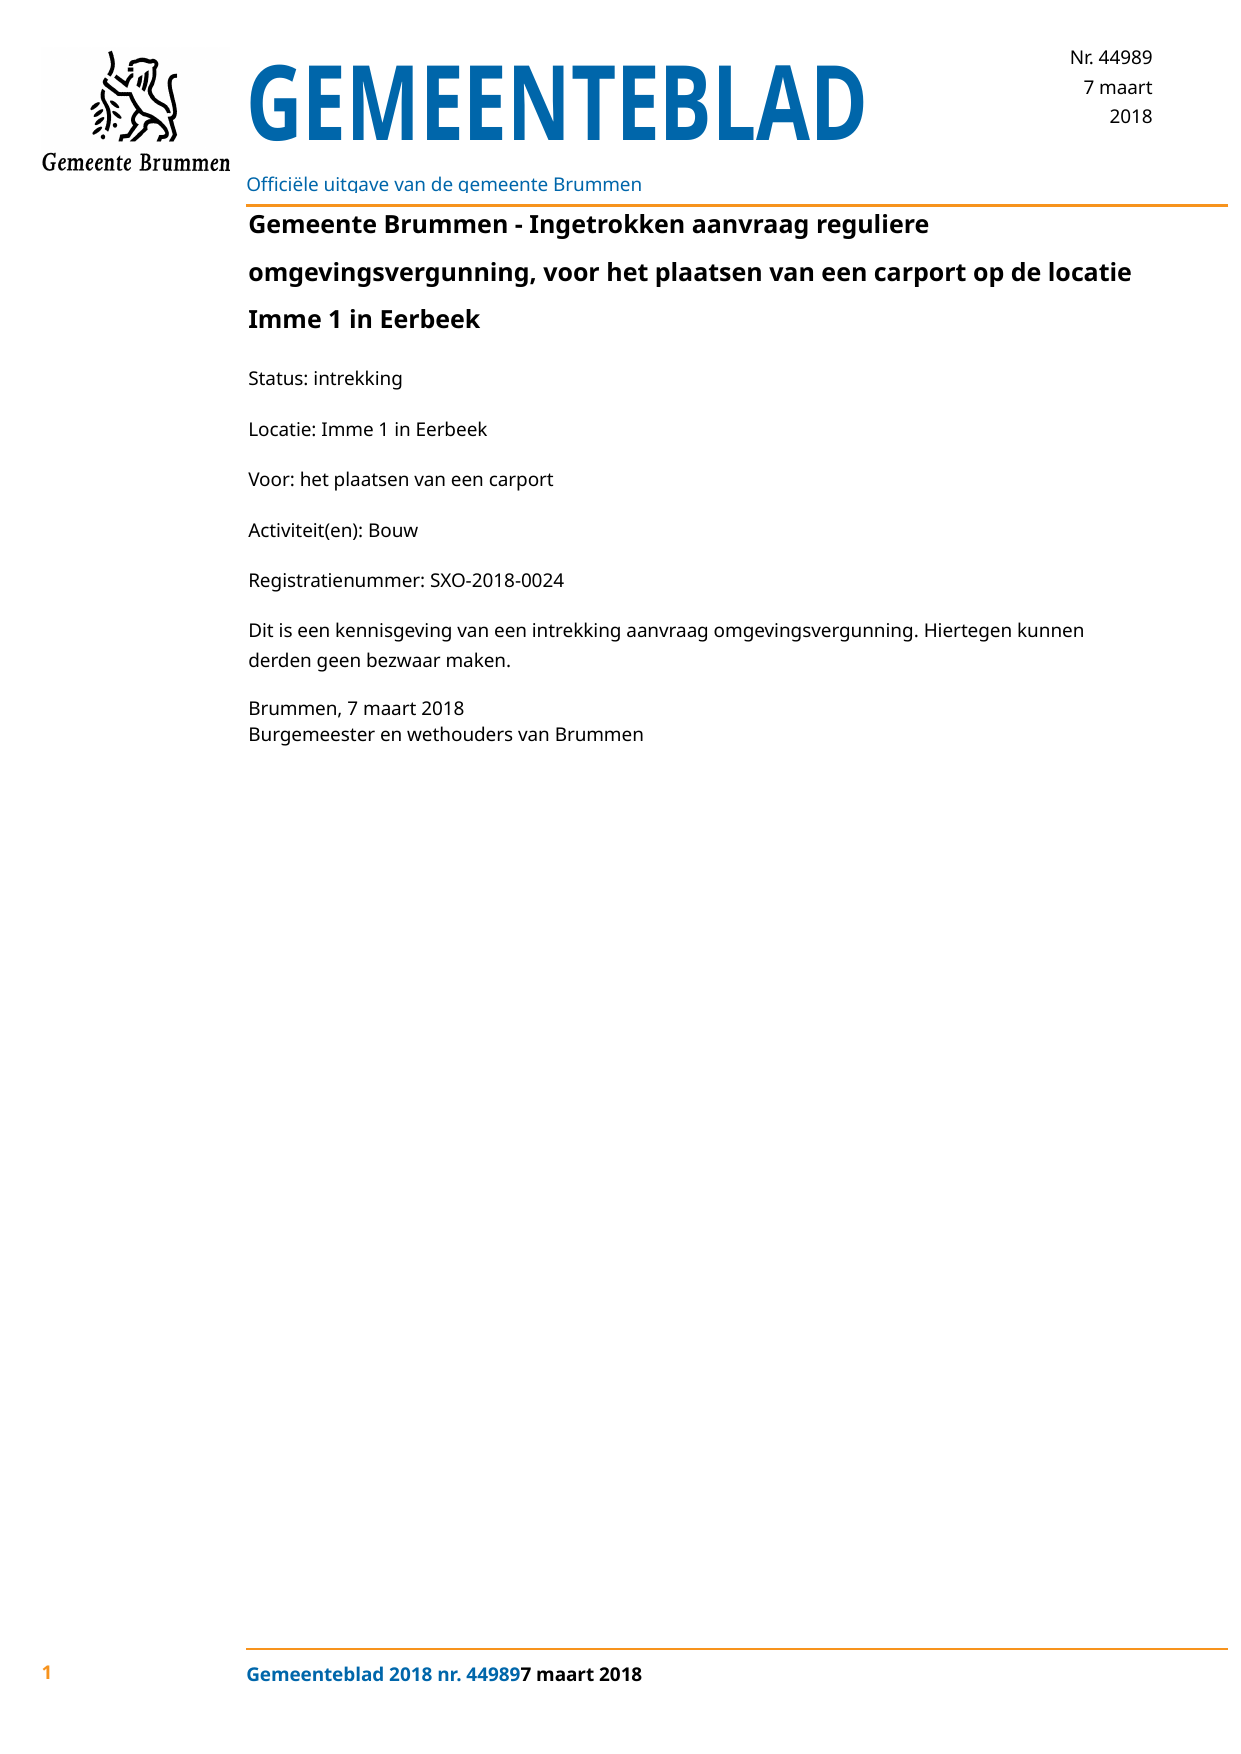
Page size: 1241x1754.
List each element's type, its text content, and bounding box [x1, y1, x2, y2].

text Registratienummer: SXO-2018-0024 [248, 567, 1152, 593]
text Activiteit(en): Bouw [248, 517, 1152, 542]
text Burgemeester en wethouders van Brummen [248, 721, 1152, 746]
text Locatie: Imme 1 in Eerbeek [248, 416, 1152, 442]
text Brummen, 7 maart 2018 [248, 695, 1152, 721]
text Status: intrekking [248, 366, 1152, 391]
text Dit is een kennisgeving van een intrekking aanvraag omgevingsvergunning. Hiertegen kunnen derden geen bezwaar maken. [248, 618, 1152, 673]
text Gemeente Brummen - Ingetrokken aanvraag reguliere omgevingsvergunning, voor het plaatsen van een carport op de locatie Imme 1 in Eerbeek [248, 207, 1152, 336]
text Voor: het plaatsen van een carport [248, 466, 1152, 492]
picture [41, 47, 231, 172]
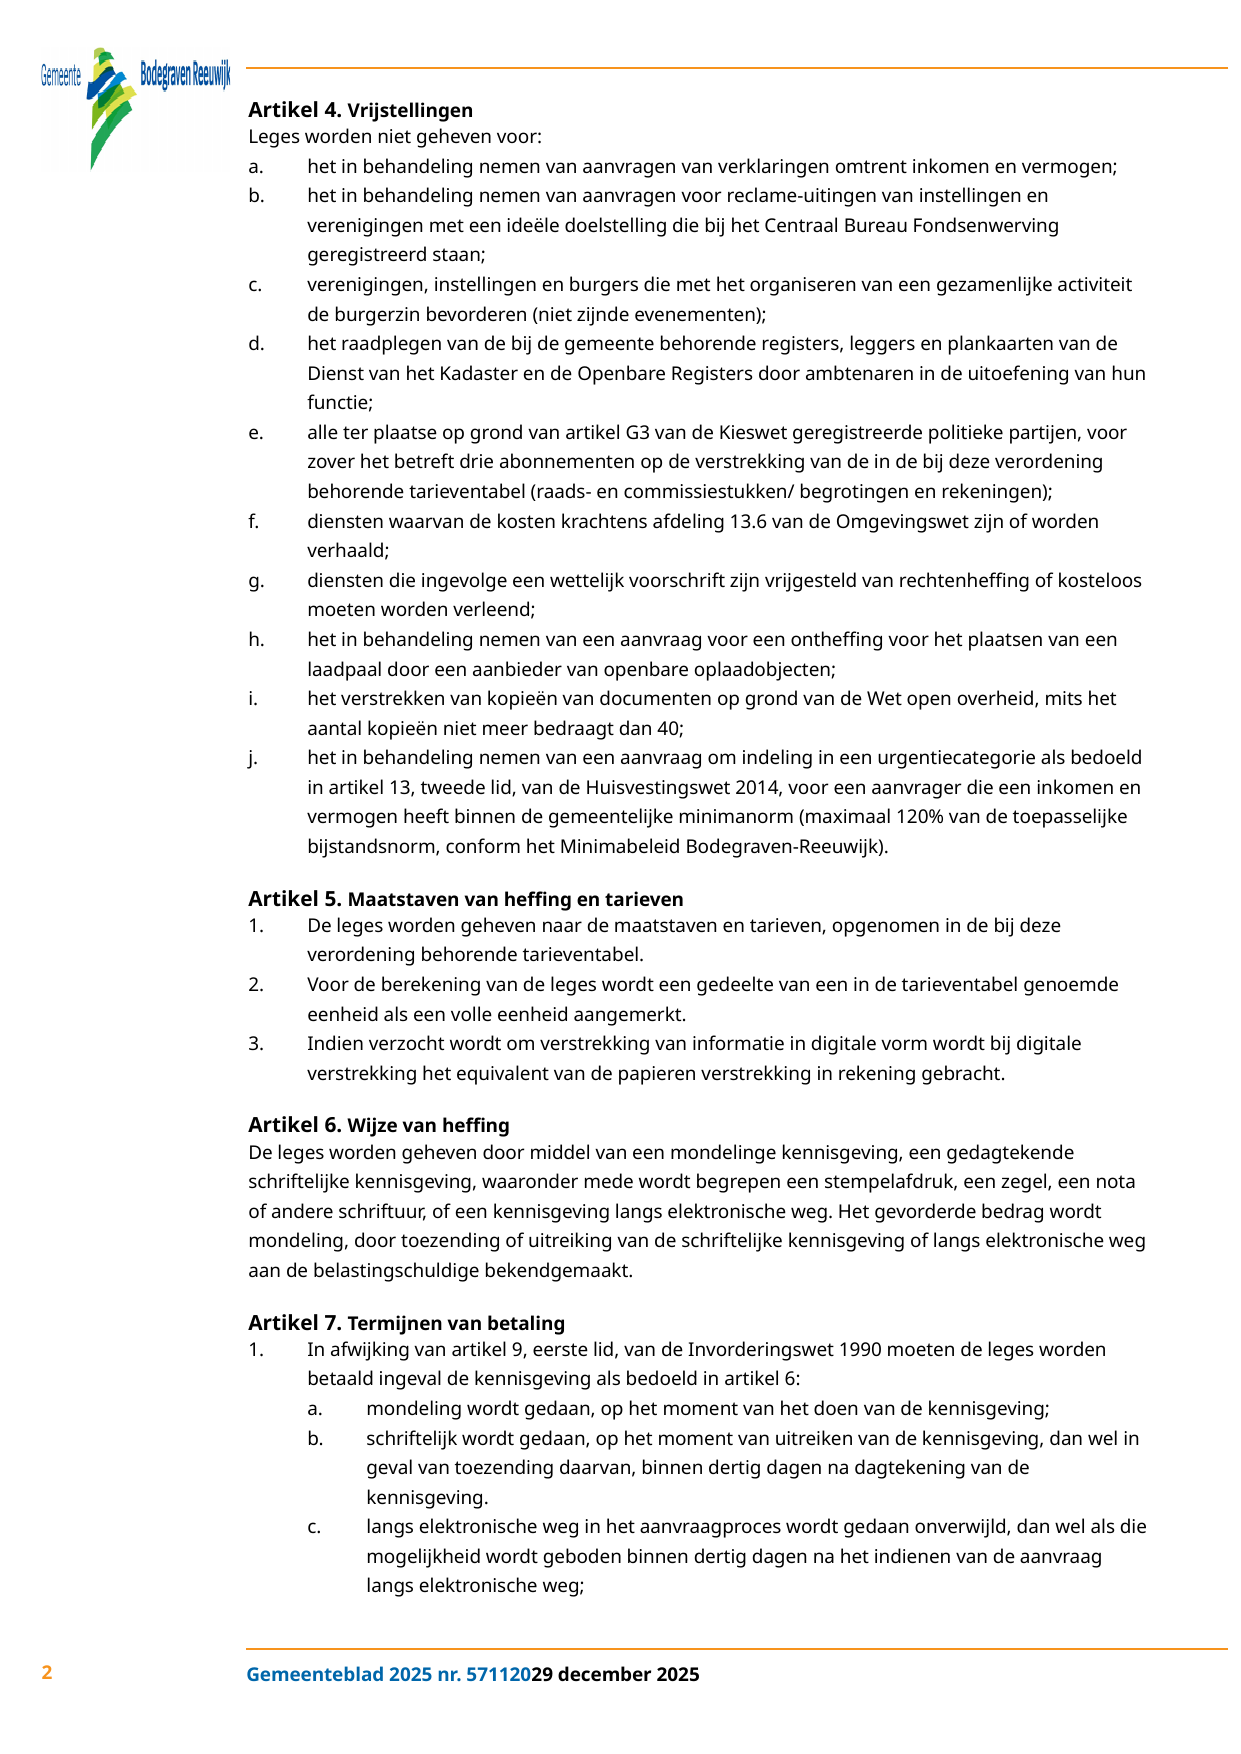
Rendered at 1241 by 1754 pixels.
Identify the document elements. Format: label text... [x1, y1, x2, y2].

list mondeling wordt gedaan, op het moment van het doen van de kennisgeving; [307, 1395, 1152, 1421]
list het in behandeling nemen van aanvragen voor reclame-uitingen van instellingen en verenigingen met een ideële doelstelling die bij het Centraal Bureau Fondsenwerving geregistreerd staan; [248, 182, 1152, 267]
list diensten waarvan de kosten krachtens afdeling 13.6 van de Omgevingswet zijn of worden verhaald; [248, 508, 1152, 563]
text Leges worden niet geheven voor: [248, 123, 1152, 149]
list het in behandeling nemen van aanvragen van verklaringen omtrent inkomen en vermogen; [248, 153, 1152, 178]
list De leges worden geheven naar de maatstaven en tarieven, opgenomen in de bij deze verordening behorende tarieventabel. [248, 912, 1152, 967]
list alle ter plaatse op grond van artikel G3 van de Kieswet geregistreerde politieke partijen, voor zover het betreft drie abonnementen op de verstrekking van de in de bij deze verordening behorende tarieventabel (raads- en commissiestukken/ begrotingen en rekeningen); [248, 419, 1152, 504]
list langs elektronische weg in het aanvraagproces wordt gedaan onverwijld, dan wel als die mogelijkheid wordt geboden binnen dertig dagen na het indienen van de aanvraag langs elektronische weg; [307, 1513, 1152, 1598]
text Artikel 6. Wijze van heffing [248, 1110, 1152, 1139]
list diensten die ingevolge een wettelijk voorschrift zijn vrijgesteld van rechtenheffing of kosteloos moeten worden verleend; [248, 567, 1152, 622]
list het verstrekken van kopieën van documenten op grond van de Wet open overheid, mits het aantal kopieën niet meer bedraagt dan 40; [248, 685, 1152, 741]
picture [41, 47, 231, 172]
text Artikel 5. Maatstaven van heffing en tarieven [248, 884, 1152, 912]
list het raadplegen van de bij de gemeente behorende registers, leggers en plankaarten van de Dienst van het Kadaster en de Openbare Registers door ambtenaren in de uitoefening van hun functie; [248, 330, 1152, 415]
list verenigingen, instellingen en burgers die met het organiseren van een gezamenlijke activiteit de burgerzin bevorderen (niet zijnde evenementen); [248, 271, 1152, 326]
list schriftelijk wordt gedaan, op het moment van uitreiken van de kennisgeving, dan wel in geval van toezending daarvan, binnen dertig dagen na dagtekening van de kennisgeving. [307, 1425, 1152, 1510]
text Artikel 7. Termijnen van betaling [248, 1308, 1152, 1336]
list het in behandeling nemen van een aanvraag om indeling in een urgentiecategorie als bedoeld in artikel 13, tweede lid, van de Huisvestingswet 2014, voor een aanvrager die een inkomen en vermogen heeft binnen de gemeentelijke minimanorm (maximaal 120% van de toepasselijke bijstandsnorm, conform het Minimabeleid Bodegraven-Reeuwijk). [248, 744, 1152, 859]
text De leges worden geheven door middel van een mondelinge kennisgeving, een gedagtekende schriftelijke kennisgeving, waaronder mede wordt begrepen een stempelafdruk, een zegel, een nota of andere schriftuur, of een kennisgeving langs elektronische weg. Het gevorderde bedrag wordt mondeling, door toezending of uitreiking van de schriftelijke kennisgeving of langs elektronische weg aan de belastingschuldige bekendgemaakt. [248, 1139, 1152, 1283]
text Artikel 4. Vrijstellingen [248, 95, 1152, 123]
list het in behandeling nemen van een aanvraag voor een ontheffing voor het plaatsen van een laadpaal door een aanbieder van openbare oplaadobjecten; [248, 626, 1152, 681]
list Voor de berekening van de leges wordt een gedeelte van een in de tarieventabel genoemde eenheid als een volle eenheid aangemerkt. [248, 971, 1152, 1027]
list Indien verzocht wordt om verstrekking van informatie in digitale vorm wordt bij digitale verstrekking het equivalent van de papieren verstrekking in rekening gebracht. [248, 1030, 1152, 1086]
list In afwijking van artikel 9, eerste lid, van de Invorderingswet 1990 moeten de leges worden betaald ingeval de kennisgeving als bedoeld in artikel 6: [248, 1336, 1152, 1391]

- - - - -

The answer is those lines of the material above that run from the one containing "text Registratienummer: SXO-2018-0024" up to and including the one containing "list diensten die", restated exactly and without images.

text Registratienummer: SXO-2018-0024 [248, 567, 1152, 593]
text Activiteit(en): Bouw [248, 517, 1152, 542]
text Burgemeester en wethouders van Brummen [248, 721, 1152, 746]
text Locatie: Imme 1 in Eerbeek [248, 416, 1152, 442]
text Brummen, 7 maart 2018 [248, 695, 1152, 721]
text Status: intrekking [248, 366, 1152, 391]
text Dit is een kennisgeving van een intrekking aanvraag omgevingsvergunning. Hiertegen kunnen derden geen bezwaar maken. [248, 618, 1152, 673]
text Gemeente Brummen - Ingetrokken aanvraag reguliere omgevingsvergunning, voor het plaatsen van een carport op de locatie Imme 1 in Eerbeek [248, 207, 1152, 336]
text Voor: het plaatsen van een carport [248, 466, 1152, 492]
picture [41, 47, 231, 172]
Rendered at 1241 by 1754 pixels.
Identify the document elements. Format: label text... [x1, y1, x2, y2].

list mondeling wordt gedaan, op het moment van het doen van de kennisgeving; [307, 1395, 1152, 1421]
list het in behandeling nemen van aanvragen voor reclame-uitingen van instellingen en verenigingen met een ideële doelstelling die bij het Centraal Bureau Fondsenwerving geregistreerd staan; [248, 182, 1152, 267]
list diensten waarvan de kosten krachtens afdeling 13.6 van de Omgevingswet zijn of worden verhaald; [248, 508, 1152, 563]
text Leges worden niet geheven voor: [248, 123, 1152, 149]
list het in behandeling nemen van aanvragen van verklaringen omtrent inkomen en vermogen; [248, 153, 1152, 178]
list De leges worden geheven naar de maatstaven en tarieven, opgenomen in de bij deze verordening behorende tarieventabel. [248, 912, 1152, 967]
list alle ter plaatse op grond van artikel G3 van de Kieswet geregistreerde politieke partijen, voor zover het betreft drie abonnementen op de verstrekking van de in de bij deze verordening behorende tarieventabel (raads- en commissiestukken/ begrotingen en rekeningen); [248, 419, 1152, 504]
list langs elektronische weg in het aanvraagproces wordt gedaan onverwijld, dan wel als die mogelijkheid wordt geboden binnen dertig dagen na het indienen van de aanvraag langs elektronische weg; [307, 1513, 1152, 1598]
text Artikel 6. Wijze van heffing [248, 1110, 1152, 1139]
list diensten die ingevolge een wettelijk voorschrift zijn vrijgesteld van rechtenheffing of kosteloos moeten worden verleend; [248, 567, 1152, 622]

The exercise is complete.